Mlle Venise Voloscenkov
33, rue de Sévigné
35500 VITRE
 

        Depuis le 1er janvier 1998, on ne trouve plus trace de Mme Elsa Venezia dans l'annuaire d'Ille-et-Vilaine à la page Rennes. Elle figurait pourtant encore bien dans l'édition de 1997. C'était elle la vieille dame et c'était moi la petite fille.

         Vos renseignements sont exacts, même si, pour ma part, j'ignore qui a pu vous raconter aussi précisément ces faits qui commencent à dater. J'ai effectivement assisté Mlle Isaure Chassériau dans son entreprise d'agence touristique rennaise. Le jeudi était alors jour de congé pour les enfants et Mlle Isaure faisait parfois appel à moi pour que je serve de guide dans certains de ses parcours.

         Aujourd'hui encore, je ne sais si je dois révéler les motivations, les désirs des clientes de l'agence que Mlle Isaure m'a confiées. A vrai dire, cela était très mystérieux pour moi et l'est resté. J'ai trouvé très jolie la formulation que vous avez relevée dans ce "brouillon du parcours du désir" : "Quel était le désir secret de la vieille dame que l'on a vue un jour guidée par une petite fille ?".

         En fait, suivant qu'il s'agissait d'une dame ou d'une demoiselle, le parcours différait. Je ne me souviens plus bien aujourd'hui de la topographie de la ville de Rennes que je n'habite plus, mais je peux vous dire que je faisais faire aux demoiselles le parcours de l'ange et aux dames celui de la maternité. Le premier passait dans toutes les églises et aussi devant la banque populaire de l'Ouest et devant un café de la rue Saint-Michel où trois angelots "profanes" étaient sculptés sur les façades. On s'arrêtait sur la place de la Mairie et bien souvent, après la lecture de ce texte, "Un ange passe", que vous avez retrouvé dans les archives, les demoiselles me payaient un tour de manège.
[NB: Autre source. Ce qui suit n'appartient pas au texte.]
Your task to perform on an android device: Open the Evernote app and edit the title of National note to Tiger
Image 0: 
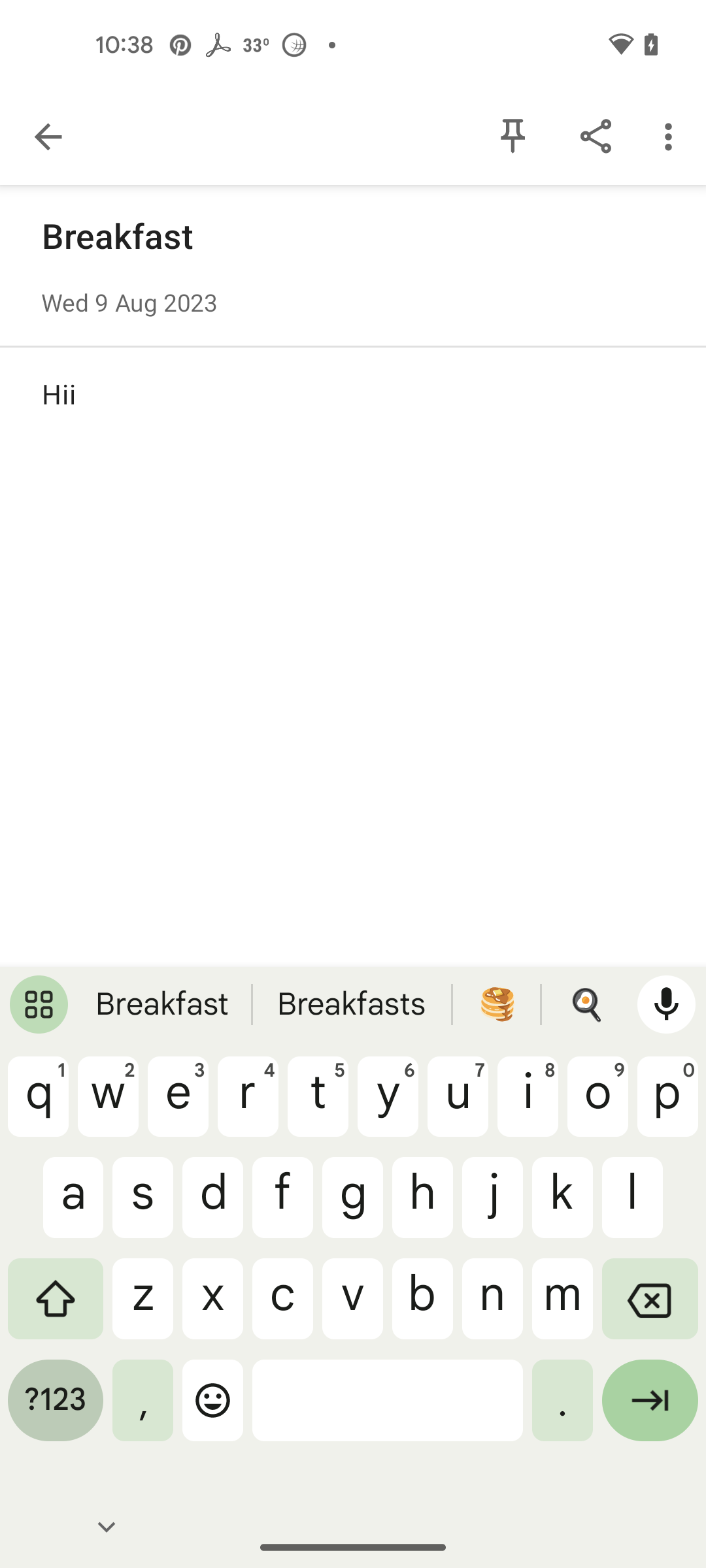
Open the Evernote app
Step 0: open app "Evernote"
Image 1: 
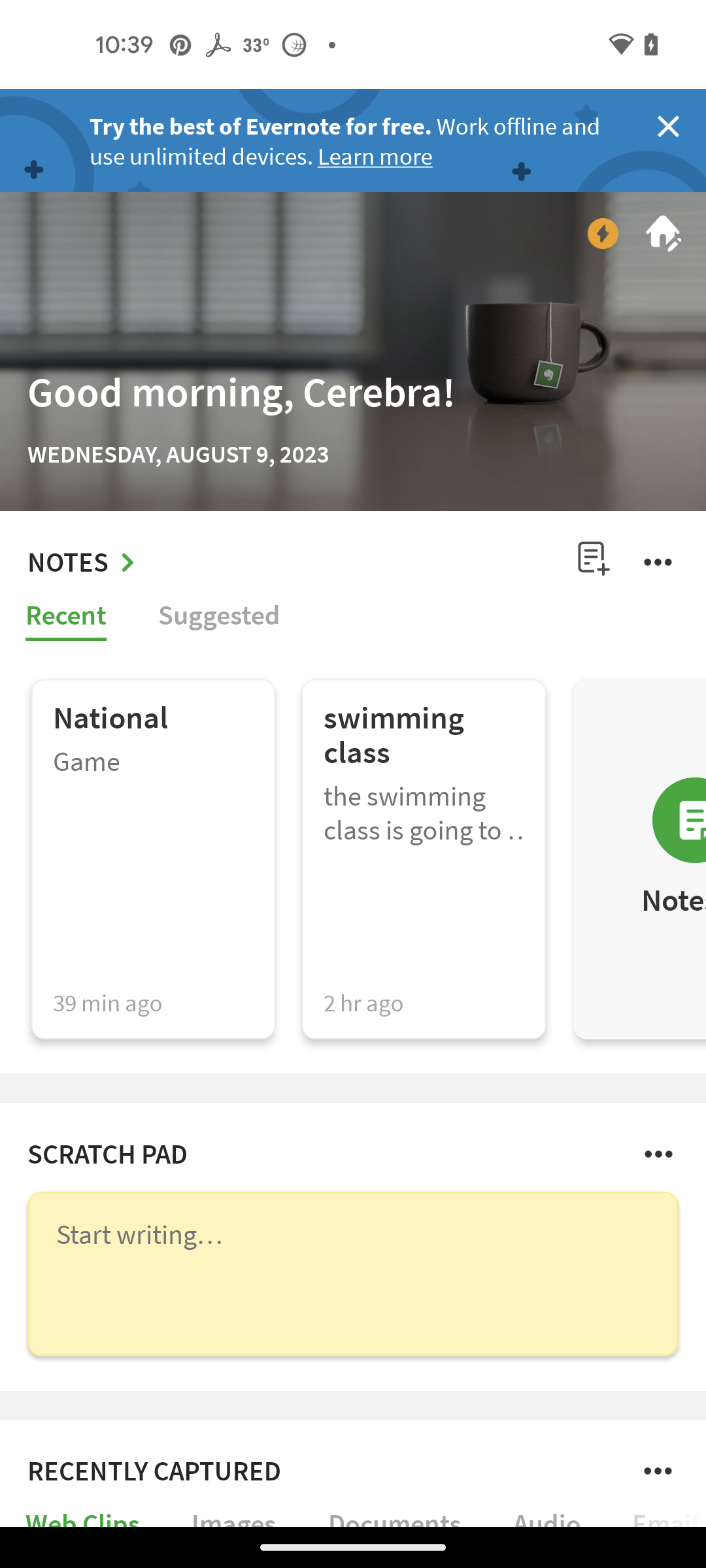
click on National note
Step 1: click (155, 719)
Image 2: 
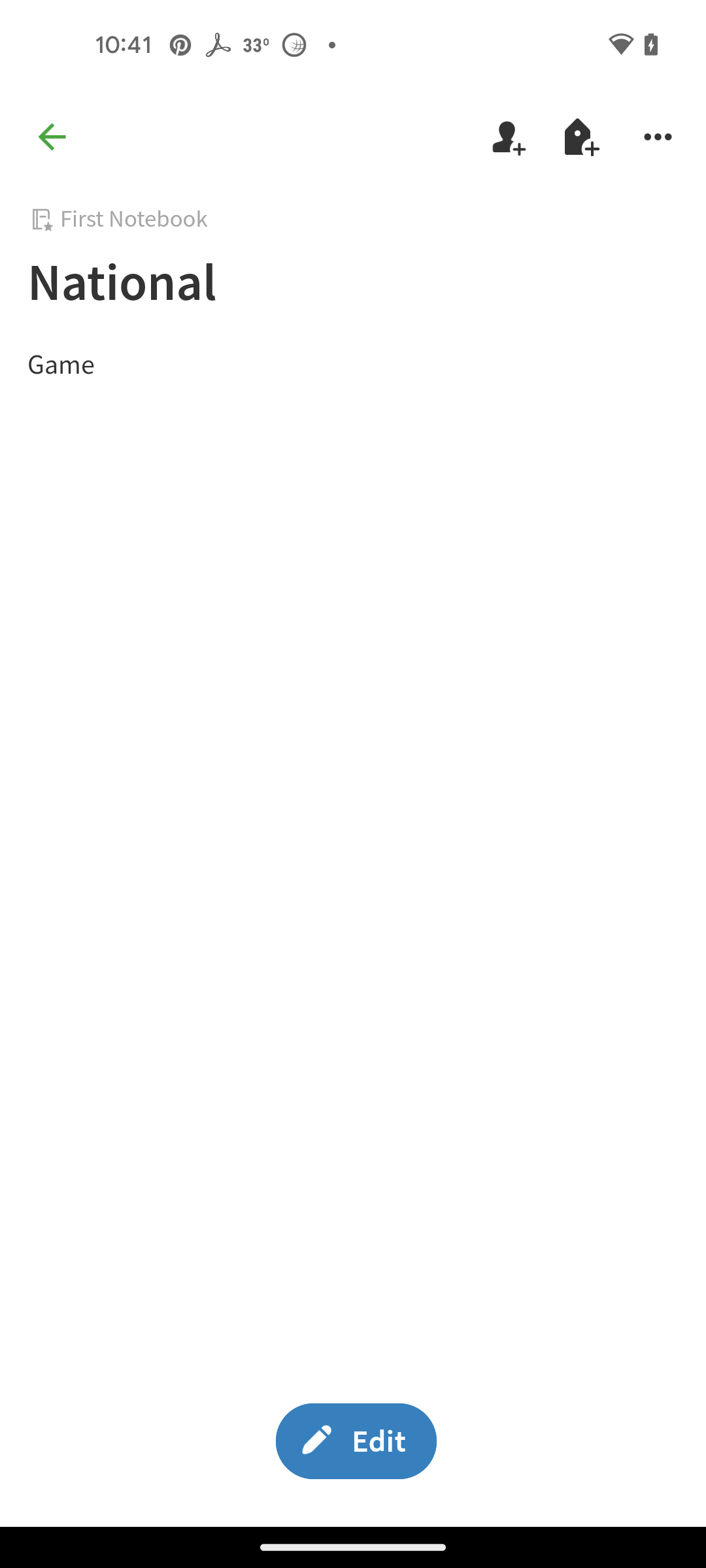
click on the title National
Step 2: click (354, 286)
Image 3: 
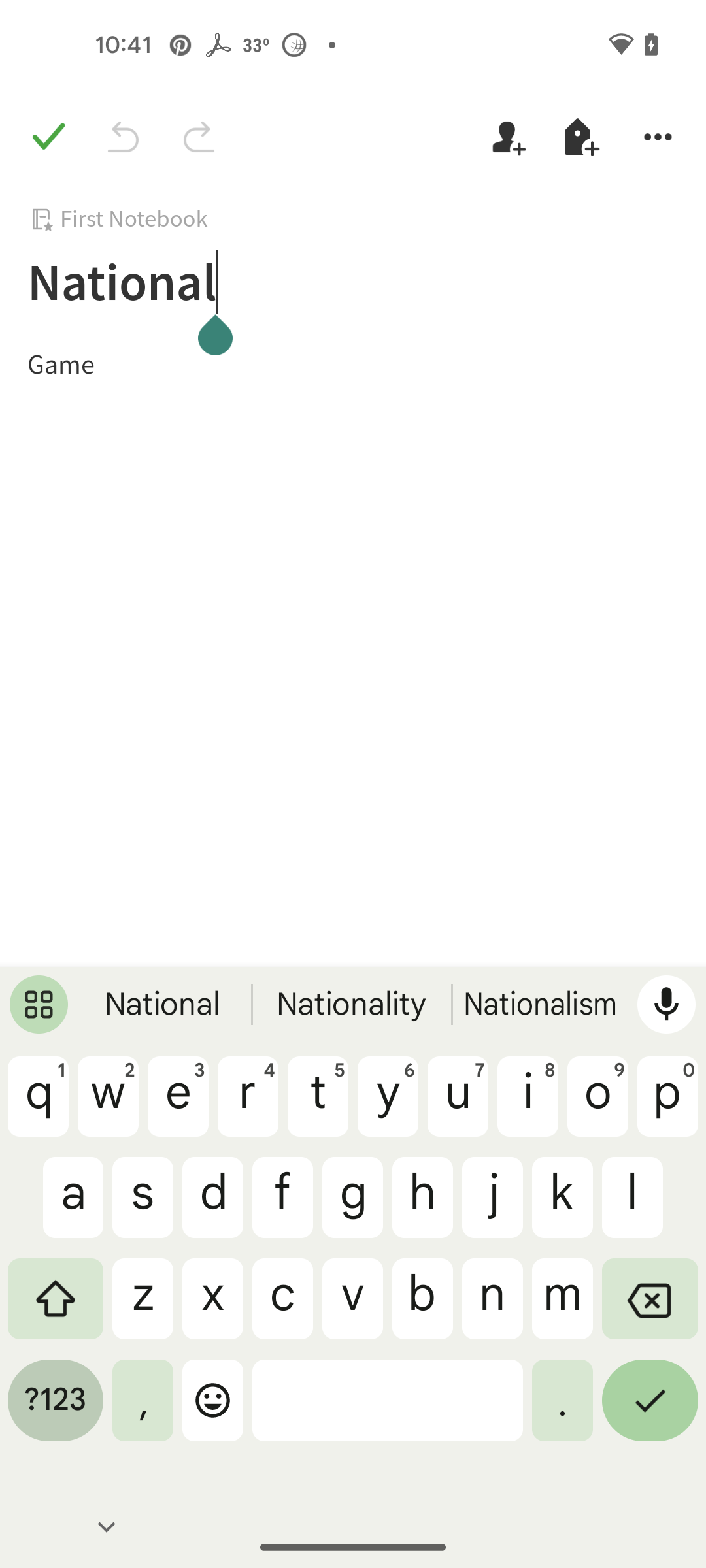
enter new title Tiger
Step 3: type "Tiger"
Image 4: 
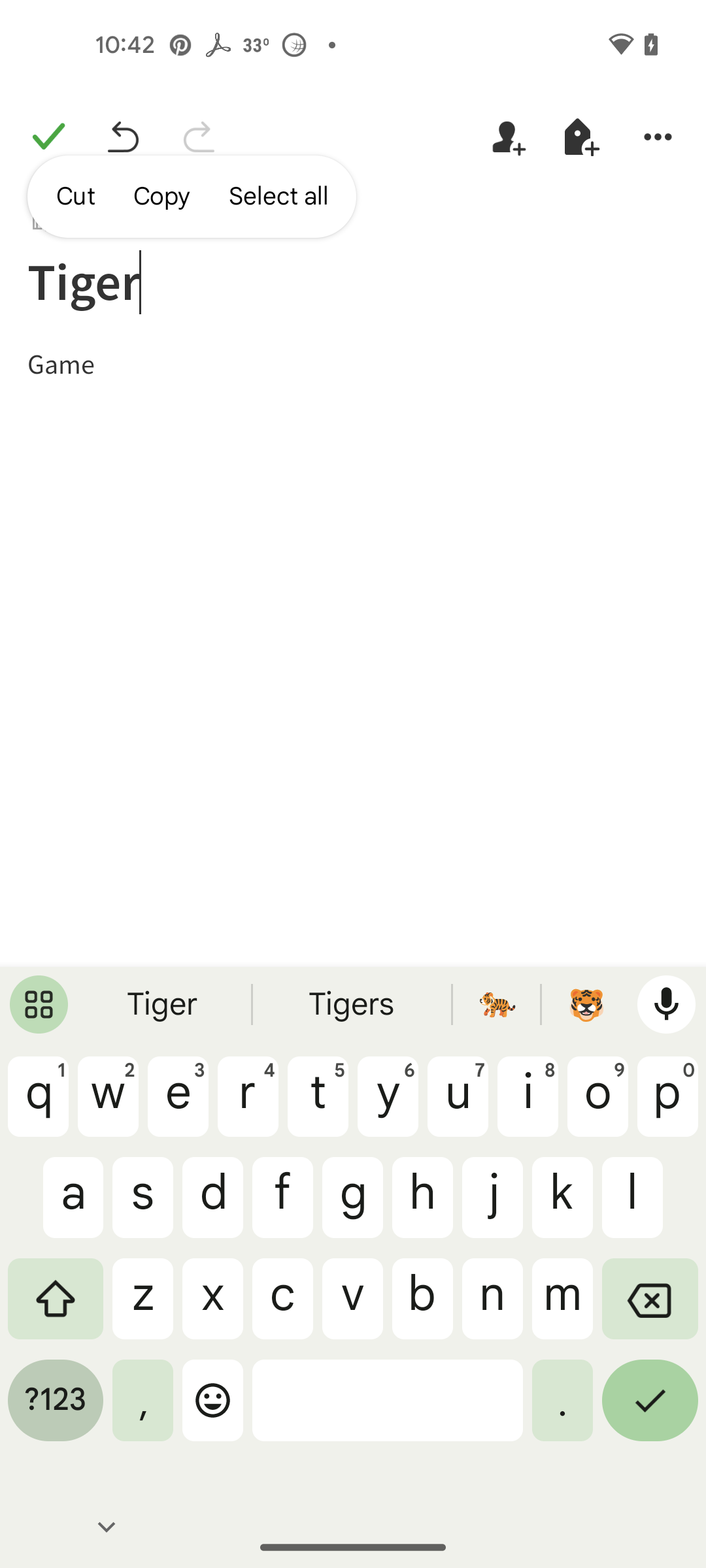
click on the tick icon
Step 4: click (48, 137)

Pourquoi ce parcours se terminait-il au cimetière du nord ? Peut-être à cause du cimetière des enfants, en bas à gauche ? Plutôt en fait à cause de la tombe en mosaÏque colorée de la famille Odorico. Une espèce de leçon d'optimisme et de dignité.
 

 
         Pour les dames, je faisais la tournée des vierges à deux têtes. C'était une plaisanterie d'un des oncles d'Isaure. A Rennes, à certains coins de rues, au-dessus de certaines portes, on a construit des petites niches dans lesquelles on a installé des statues de la Vierge. Comme certaines de ces niches étaient vides, l'oncle en question avait inventé qu'elles contenaient des Vierges à deux têtes ! Je ne sais pas pourquoi votre courrier m'a fait me souvenir de cette bêtise que j'avais pourtant bien oubliée ! Dans la rue qui mène au cimetière du nord, je me souviens encore qu'il y avait, à côté de l'église Saint-Martin, la plus belle des vierges de Rennes. La statue de Saint-Martin avait perdu ses jambes. Le pauvre avait aussi un pouce et un index en moins. Peut-être les avait-il donnés à un pauvre !
 
 
        Ce parcours-là passait par le Musée des Beaux-Arts. Je me suis replongée dans le catalogue, que je possède encore, et j'ai retrouvé avec émotion et amusement la "maternité aux manchettes de dentelle" de Maurice Denis et surtout le diptyque d'Aulnette du Vautenet : "Le départ du croisé" et "le retour du pèlerin" : en fait une bande dessinée en deux cases qui raconte une espèce de cocufiage !

        Etait-ce là quelque chose d'emblématique pour ces deux parcours ? Le fait de ne pas avoir d'enfants pour les vieilles demoiselles, le fait de voir les enfants grandir et partir pour les vieilles dames ? A Vitré, vous le savez peut-être, du fait de Mme de Sévigné, nous sommes très sensibles à ce deuxième thème. D'être guidées par une enfant dans les rues de Rennes donnait-il à ces personnes le sentiment d'une maternité (re)trouvée ? Ou d'une enfance provisoire ?

        Pour en revenir à Mme Elsa Venezia dont vous avez trouvé le nom sur le livre dédicacé à Isaure, je ne puis vous dire grand chose de plus. Elle m'avait offert à moi aussi un exemplaire de ce livre, en remerciement de la tournée des vierges, ou des anges, je ne sais plus. Le livre est très beau, il s'agit de la "Bible" de Boubat, et en le feuilletant, j'ai retrouvé une jolie image de maternité, une photo prise à Bethléem en 1954.

        N'hésitez pas à me rendre visite si vous en avez la possibilité. Le contenu de cette valise, les archives d'Isaure et vos… motivations m'intéressent.

        Je vous prie d'agréer, cher monsieur, l'expression de ma plus vive curiosité.